__ACTIVITY__: A precise repetition of every line below is the required answer.

BEGIN

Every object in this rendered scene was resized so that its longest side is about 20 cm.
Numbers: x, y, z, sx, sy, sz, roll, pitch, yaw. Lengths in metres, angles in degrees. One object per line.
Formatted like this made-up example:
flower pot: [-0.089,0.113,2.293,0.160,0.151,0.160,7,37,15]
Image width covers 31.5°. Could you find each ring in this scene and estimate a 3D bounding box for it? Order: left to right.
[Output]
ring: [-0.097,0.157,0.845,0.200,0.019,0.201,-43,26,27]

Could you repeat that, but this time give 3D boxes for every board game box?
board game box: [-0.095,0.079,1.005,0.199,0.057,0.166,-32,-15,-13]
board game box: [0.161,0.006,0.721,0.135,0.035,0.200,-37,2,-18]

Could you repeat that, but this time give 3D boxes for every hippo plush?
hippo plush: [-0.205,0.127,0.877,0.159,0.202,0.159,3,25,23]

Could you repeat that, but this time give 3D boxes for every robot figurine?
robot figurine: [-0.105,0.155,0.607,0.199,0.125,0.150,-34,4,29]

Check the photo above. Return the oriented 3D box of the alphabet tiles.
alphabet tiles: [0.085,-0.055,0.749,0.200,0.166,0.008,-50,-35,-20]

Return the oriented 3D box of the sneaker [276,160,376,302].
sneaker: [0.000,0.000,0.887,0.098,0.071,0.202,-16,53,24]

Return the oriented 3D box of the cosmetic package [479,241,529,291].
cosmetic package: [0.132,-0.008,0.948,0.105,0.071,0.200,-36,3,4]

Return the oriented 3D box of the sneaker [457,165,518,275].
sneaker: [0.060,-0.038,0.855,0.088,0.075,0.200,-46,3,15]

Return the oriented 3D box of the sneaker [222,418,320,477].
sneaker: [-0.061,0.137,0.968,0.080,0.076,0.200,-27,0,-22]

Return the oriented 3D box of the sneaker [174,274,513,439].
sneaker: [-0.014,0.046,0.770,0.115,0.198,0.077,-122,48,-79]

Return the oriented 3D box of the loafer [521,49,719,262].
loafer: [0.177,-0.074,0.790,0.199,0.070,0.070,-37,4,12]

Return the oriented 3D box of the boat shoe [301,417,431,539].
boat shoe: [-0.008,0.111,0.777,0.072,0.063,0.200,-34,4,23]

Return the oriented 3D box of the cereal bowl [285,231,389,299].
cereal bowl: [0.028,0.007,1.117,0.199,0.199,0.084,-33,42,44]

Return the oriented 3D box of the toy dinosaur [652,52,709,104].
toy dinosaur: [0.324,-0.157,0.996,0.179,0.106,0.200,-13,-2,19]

END

__ANSWER SECTION__:
Every object in this rendered scene was resized so that its longest side is about 20 cm.
Numbers: x, y, z, sx, sy, sz, roll, pitch, yaw. Lengths in metres, angles in degrees. One object per line.
Formatted like this made-up example:
flower pot: [-0.089,0.113,2.293,0.160,0.151,0.160,7,37,15]
Image width covers 31.5°. Could you find each ring in this scene and estimate a 3D bounding box for it? Order: left to right.
[Output]
ring: [-0.097,0.157,0.845,0.200,0.019,0.201,-43,26,27]

Could you repeat that, but this time give 3D boxes for every board game box?
board game box: [-0.095,0.079,1.005,0.199,0.057,0.166,-32,-15,-13]
board game box: [0.161,0.006,0.721,0.135,0.035,0.200,-37,2,-18]

Could you repeat that, but this time give 3D boxes for every hippo plush?
hippo plush: [-0.205,0.127,0.877,0.159,0.202,0.159,3,25,23]

Could you repeat that, but this time give 3D boxes for every robot figurine?
robot figurine: [-0.105,0.155,0.607,0.199,0.125,0.150,-34,4,29]

Check the photo above. Return the oriented 3D box of the alphabet tiles.
alphabet tiles: [0.085,-0.055,0.749,0.200,0.166,0.008,-50,-35,-20]

Return the oriented 3D box of the sneaker [276,160,376,302].
sneaker: [0.000,0.000,0.887,0.098,0.071,0.202,-16,53,24]

Return the oriented 3D box of the cosmetic package [479,241,529,291].
cosmetic package: [0.132,-0.008,0.948,0.105,0.071,0.200,-36,3,4]

Return the oriented 3D box of the sneaker [457,165,518,275].
sneaker: [0.060,-0.038,0.855,0.088,0.075,0.200,-46,3,15]

Return the oriented 3D box of the sneaker [222,418,320,477].
sneaker: [-0.061,0.137,0.968,0.080,0.076,0.200,-27,0,-22]

Return the oriented 3D box of the sneaker [174,274,513,439].
sneaker: [-0.014,0.046,0.770,0.115,0.198,0.077,-122,48,-79]

Return the oriented 3D box of the loafer [521,49,719,262].
loafer: [0.177,-0.074,0.790,0.199,0.070,0.070,-37,4,12]

Return the oriented 3D box of the boat shoe [301,417,431,539].
boat shoe: [-0.008,0.111,0.777,0.072,0.063,0.200,-34,4,23]

Return the oriented 3D box of the cereal bowl [285,231,389,299].
cereal bowl: [0.028,0.007,1.117,0.199,0.199,0.084,-33,42,44]

Return the oriented 3D box of the toy dinosaur [652,52,709,104].
toy dinosaur: [0.324,-0.157,0.996,0.179,0.106,0.200,-13,-2,19]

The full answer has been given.